• Problem to work on:
Reproduce all entries below verbatim. Skip the pictures.
======== Source data ========
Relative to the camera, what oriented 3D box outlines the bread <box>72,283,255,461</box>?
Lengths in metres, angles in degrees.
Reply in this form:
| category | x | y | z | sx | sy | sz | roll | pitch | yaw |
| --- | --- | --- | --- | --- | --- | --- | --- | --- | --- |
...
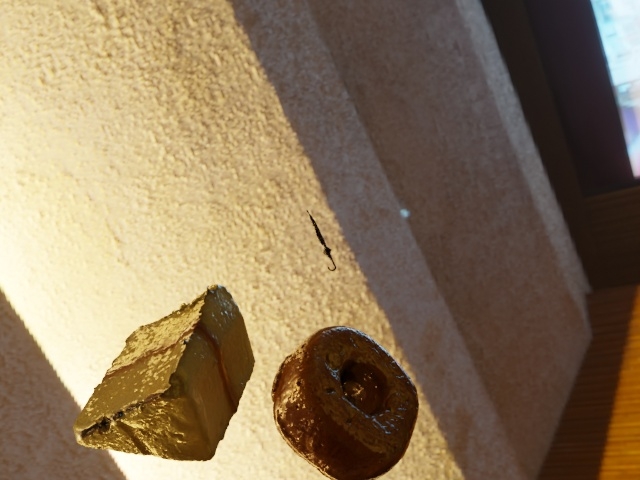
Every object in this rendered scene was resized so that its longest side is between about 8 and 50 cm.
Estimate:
| category | x | y | z | sx | sy | sz | roll | pitch | yaw |
| --- | --- | --- | --- | --- | --- | --- | --- | --- | --- |
| bread | -0.264 | 0.201 | 1.381 | 0.263 | 0.236 | 0.198 | -68 | -28 | -54 |

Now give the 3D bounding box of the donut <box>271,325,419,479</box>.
| category | x | y | z | sx | sy | sz | roll | pitch | yaw |
| --- | --- | --- | --- | --- | --- | --- | --- | --- | --- |
| donut | 0.036 | 0.227 | 1.200 | 0.227 | 0.114 | 0.226 | 25 | -140 | -23 |

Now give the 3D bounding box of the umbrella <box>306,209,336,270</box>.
| category | x | y | z | sx | sy | sz | roll | pitch | yaw |
| --- | --- | --- | --- | --- | --- | --- | --- | --- | --- |
| umbrella | 0.004 | -0.001 | 1.788 | 0.022 | 0.022 | 0.148 | -68 | -38 | -61 |
========
• Answer for this exercise:
Relative to the camera, what oriented 3D box outlines the bread <box>72,283,255,461</box>?
Lengths in metres, angles in degrees.
Reply in this form:
| category | x | y | z | sx | sy | sz | roll | pitch | yaw |
| --- | --- | --- | --- | --- | --- | --- | --- | --- | --- |
...
Every object in this rendered scene was resized so that its longest side is between about 8 and 50 cm.
Estimate:
| category | x | y | z | sx | sy | sz | roll | pitch | yaw |
| --- | --- | --- | --- | --- | --- | --- | --- | --- | --- |
| bread | -0.264 | 0.201 | 1.381 | 0.263 | 0.236 | 0.198 | -68 | -28 | -54 |

Now give the 3D bounding box of the donut <box>271,325,419,479</box>.
| category | x | y | z | sx | sy | sz | roll | pitch | yaw |
| --- | --- | --- | --- | --- | --- | --- | --- | --- | --- |
| donut | 0.036 | 0.227 | 1.200 | 0.227 | 0.114 | 0.226 | 25 | -140 | -23 |

Now give the 3D bounding box of the umbrella <box>306,209,336,270</box>.
| category | x | y | z | sx | sy | sz | roll | pitch | yaw |
| --- | --- | --- | --- | --- | --- | --- | --- | --- | --- |
| umbrella | 0.004 | -0.001 | 1.788 | 0.022 | 0.022 | 0.148 | -68 | -38 | -61 |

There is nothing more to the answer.